Eleven CF children with a median (range) age of 13.5 (9.6-17.0) years were treated for severe PEx. Median SPLUNC1 levels were 529.3 (224.6-1698) before and 2705 (642.1-3975) ng/mL after treatment (p=0.003). Seven children, 11.38 (8.4-16.8) years of age, were treated for mild PEx. SPLUNC1 increased from 189.5 (97.3-314.9) before to 362.5 (220.5-1015.0) ng/mL after treatment (p=0.031). In TRACK, there were 17 participants with samples from a stable visit followed by a PEx visit after 147 (24-378) days and 21 with samples from a PEx followed by a stable visit after 176 (50-430) days.
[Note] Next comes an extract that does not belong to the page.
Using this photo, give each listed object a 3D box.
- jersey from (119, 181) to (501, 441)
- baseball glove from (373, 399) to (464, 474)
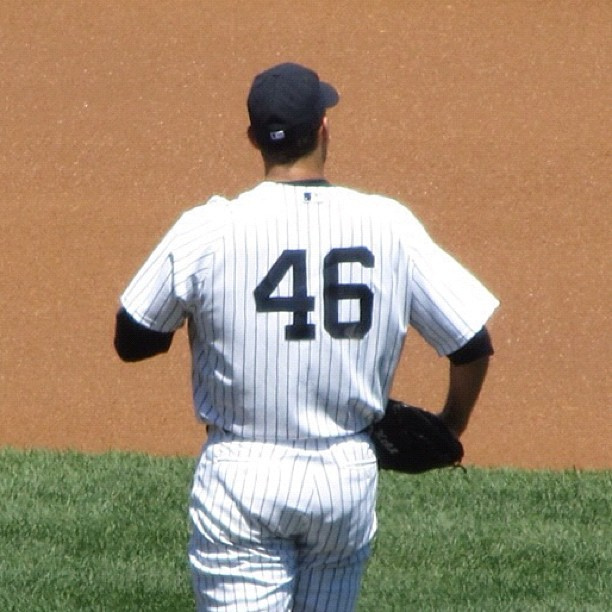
[{"bbox_3d":[0.016,0.234,12.042,2.098,2.098,1.160,0,-21,1],"label":"jersey"},{"bbox_3d":[0.664,0.800,12.037,0.586,0.454,0.512,7,17,-3],"label":"baseball glove"}]

SPLUNC1 decreased from 3101 (623.7-4913) at stable visit to 1515 (512.8-4424) ng/mL at PEx (p=0.035) and increased from 1390 (505.4-1520) at PEx to 3482 (1820-6179) ng/mL at stable follow-up (p=0.001). There were no correlations between SPLUNC1 and IL-8 or NE levels in sputum, FEV1 or the lung clearance index (LCI).

Conclusion

SPLUNC1 sputum levels are decreased in PEx and have promising clinimetric properties as a biomarker in CF children.